His fingers stilled. When he spoke, it was in a tone thick with caution. “Are you so certain?”

“For someone who wants me to support his cause, you’re making an awfully unconvincing case.”

“You’re speaking as if you have a choice about whether or not you’ll help me.”

So we were back to where we started all those weeks ago, when he first took me from Koerlyn. Well, if he wanted to be an ass, I could be one too. “And you’re speaking as if you know where the path is yourself. I could easily lead you astray.”

I jolted as a hot, oil-slick hand snaked around my throat, fingertips reaching up to my jaw. He didn’t constrict my air, but he could in a heartbeat. As it was, his hold was tight enough that he could undoubtedly feel every panicked flutter of my pulse.

Applying a touch of pressure to my jaw, he forced my head back. His eyes were turbulent, the chaos of the battlefield contained within them. It was that sight, not his grip, that made me lose my breath.

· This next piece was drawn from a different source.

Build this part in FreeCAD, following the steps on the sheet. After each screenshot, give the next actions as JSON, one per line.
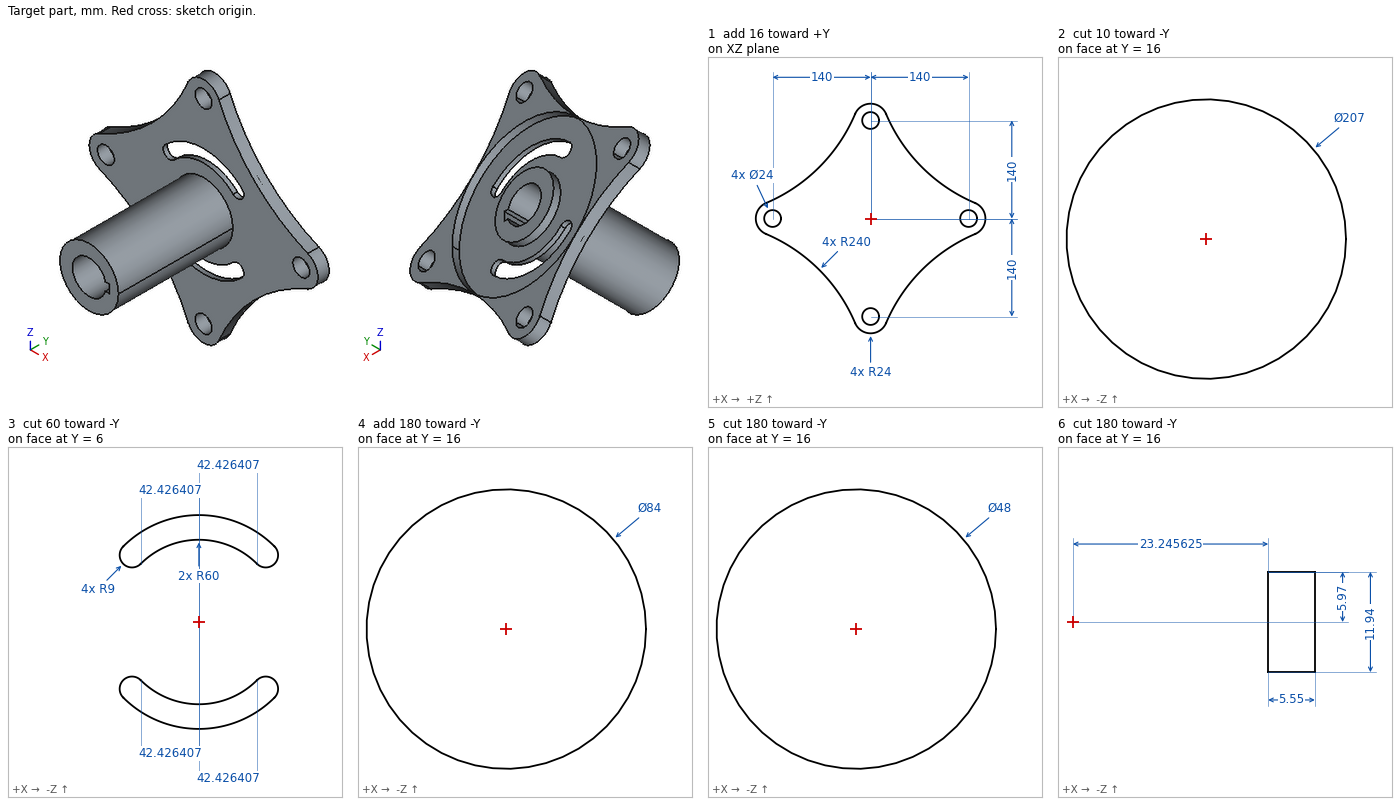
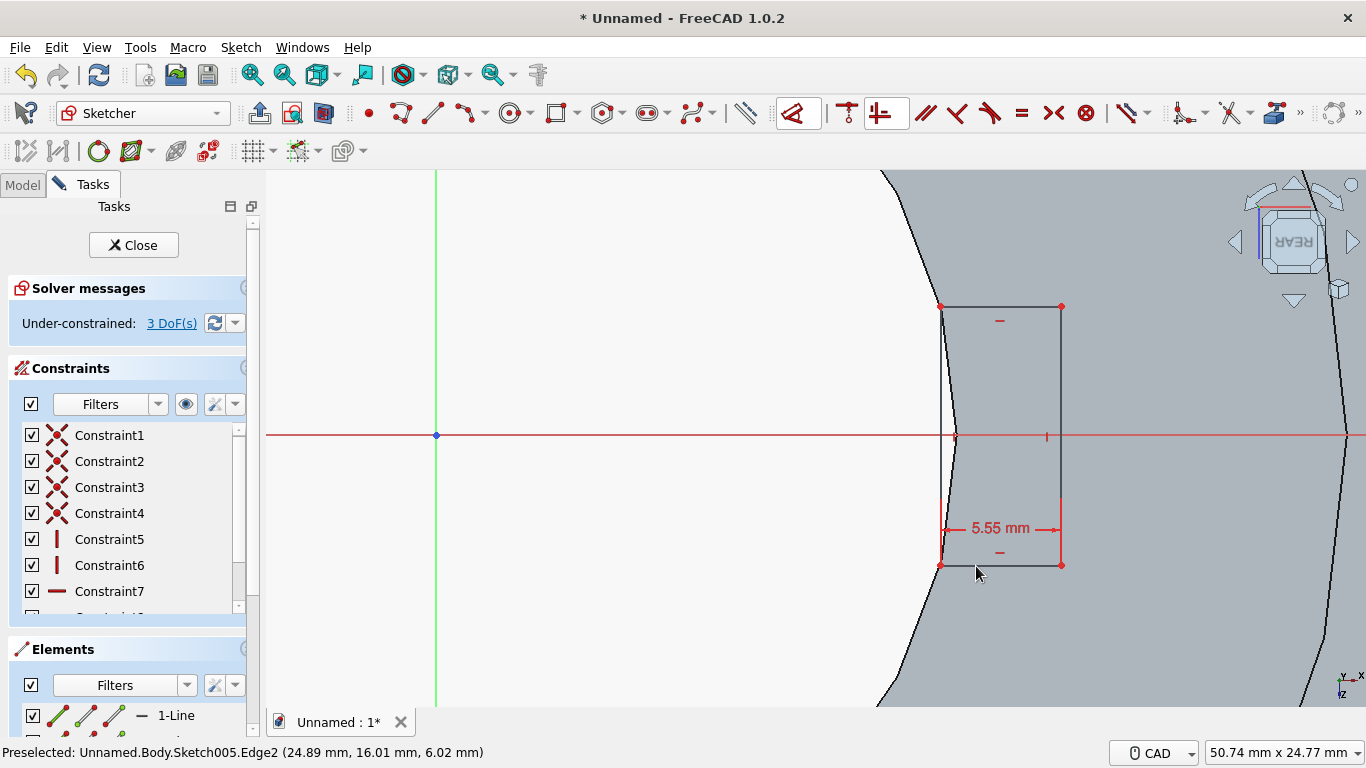
{"action": "left_click", "coordinate": [941, 385]}

The apple in my throat bobbed against his palm as he slowly enunciated, “You forget who I am.”

The Princeps of Fourth Territory.

The former mercenary who killed his way into power.

The warrior who ripped souls from bodies in the span of a mere blink.

That’s what he wanted to remind me of.

So I said, “You are the man I have chosen to lead into the Domus. A leader who actually cares for his people, who wishes to end their suffering, and who may very well be the savior of this world. A ruler who I have decided to help.”

At that, the emotions contained in those gold-flecked irises only seemed to grow wilder. Perhaps the sight, or my very precarious position, should have stopped me from saying what I said next.

It didn’t.

“But you are also being a bullheaded ass. I am no traitor. I accessed that knowledge in my mind, escaped Koerlyn, and fought that terrible river to come back to you, despite your secrets. Despite how you hid the fact that your father’s men killed my parents while you were there.

” And then kissed me and held me like I mattered.

“Despite the fact that you have been nothing but terrible to me since I’ve returned.

Say what you will, act like I am some evil, traitorous prisoner, but I am helping you by choice. ”

The kernel of warmth beneath my ribs jumped, as if sharing its enthusiasm for my statement.

With a tired voice, I added, “Though you are making that choice harder and harder with every passing hour.”

Harthon’s nostrils flared, his fingertips flexing ever so slightly on my jaw.

He was completely unreadable, his thoughts carefully contained behind a rugged face that regarded me with intensity for more than a few breaths.

Then that focus slid to my lips, which parted in invitation before I could even think about why they shouldn’t.

One shallow breath passed. Then two. Logic charged to the surface.

My mouth snapped shut, and he abruptly released me from the hold of both his eyes and hand.

The sounds of camp rushed back in as I stared at the tree trunk, Harthon at my back, my thoughts scattered.

I was about to rise when his fingers threaded through my hair once more.

As if I hadn’t just called him a bullheaded ass, he picked up where he left off, delicately separating the knots with a deceptive amount of care until there wasn’t a single tangle left.